Multi-Turn Constitutional Tournament Environment

Tournament-style reward system for Constitutional AI training with multi-turn conversation support.

Concept

This environment extends the Constitutional Tournament with multi-turn conversation handling:

Loads ShareGPT format datasets (e.g., anthracite-org/kalo-opus-instruct-22k-no-refusal)
Extracts all conversation turns (excluding system prompts) with configurable max_turns
Pairs off rollouts (e.g., 256 rollouts per example)
Judges pairs using constitutional principles with full conversation context
Winners advance to face other winners
Every win = reward - responses satisfying more principles accumulate more wins

Multi-Turn Configuration

Control how many conversation turns to include:

load_environment(
    max_turns=-1,  # All turns (default)
    max_turns=1,   # Single turn (first human message only)
    max_turns=3,   # Up to 3 human turns with assistant responses between
)

The max_turns parameter counts human turns. If set to 2, the prompt will include:

First human message
First assistant response (if present)
Second human message

The model generates the next response in the conversation.
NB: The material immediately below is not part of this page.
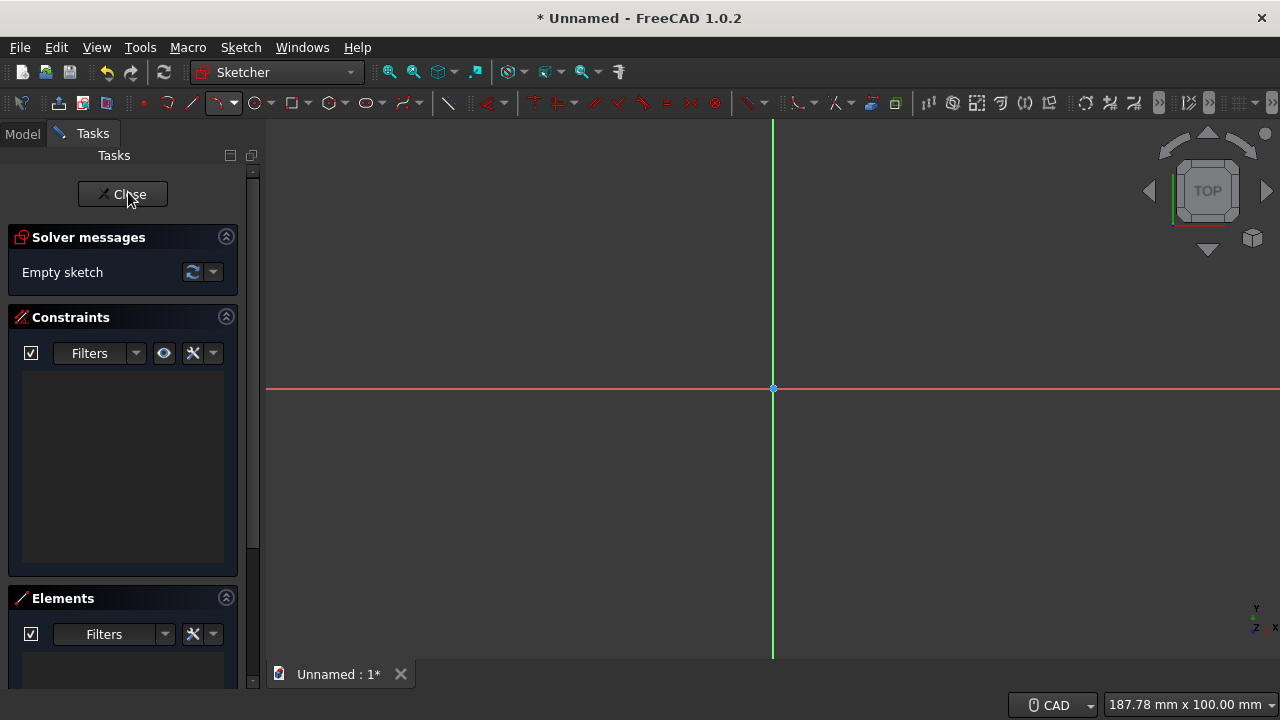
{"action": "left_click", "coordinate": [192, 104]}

Multi-Turn Judge Prompt Format

The judge sees the full conversation context with XML-separated turns:

<conversation-context>
<turn-1 role="user">
What is the capital of France?
</turn-1>

<turn-2 role="assistant">
Paris is the capital of France.
</turn-2>

<turn-3 role="user">
Tell me more about it.
</turn-3>
</conversation-context>

<response-a>
[Response A]
</response-a>

<response-b>
[Response B]
</response-b>

Dataset Format

Expects ShareGPT format with conversations field:

{
  "conversations": [
    {"from": "system", "value": "..."},  // Skipped (not included)
    {"from": "human", "value": "..."},   // Included as user turn
    {"from": "gpt", "value": "..."},     // Included as assistant turn
    {"from": "human", "value": "..."},   // Included as user turn
    ...
  ]
}

System prompts are always skipped. The last message in the prompt is always a user message (trailing assistant messages are removed so the model generates the response).

Configuration

load_environment(
    # Dataset - ShareGPT format from HuggingFace
    dataset_name="anthracite-org/kalo-opus-instruct-22k-no-refusal",

    # Constitution
    constitution_path="/tank/mango/mango-verifiers/const.txt",

    # Judge model (required)
    judge_model="openai/gpt-4.1-mini",
    judge_base_url="https://app.firmware.ai/api/v1",
    judge_api_key="your-api-key",
    judge_temperature=0.3,
    judge_timeout=120.0,

    # Concurrency
    max_concurrent_judges=64,
    max_concurrent_tournaments=4,

    # Dataset size
    num_train_examples=10000,
    num_eval_examples=500,

    # Multi-turn configuration
    max_turns=-1,  # -1 for all turns, or specific number
)

Usage

# Install
vf-install multiturn_constitutional_tournament

# Run evaluation
vf-eval multiturn_constitutional_tournament \
    -n 5 \
    -m your-model \
    --rollouts-per-example 16

# Training
vf-train multiturn_constitutional_tournament \
    --model your-model \
    --rollouts-per-example 256

Tournament Structure

Same as Constitutional Tournament - for 256 rollouts per example:

Round 1: 256 -> 128 winners (128 get 1 point)
Round 2: 128 -> 64 winners  (64 get 2 points)
Round 3: 64 -> 32 winners   (32 get 3 points)
Round 4: 32 -> 16 winners   (16 get 4 points)
Round 5: 16 -> 8 winners    (8 get 5 points)
Round 6: 8 -> 4 winners     (4 get 6 points)
Round 7: 4 -> 2 winners     (2 get 7 points)
Round 8: 2 -> 1 winner      (1 gets 8 points)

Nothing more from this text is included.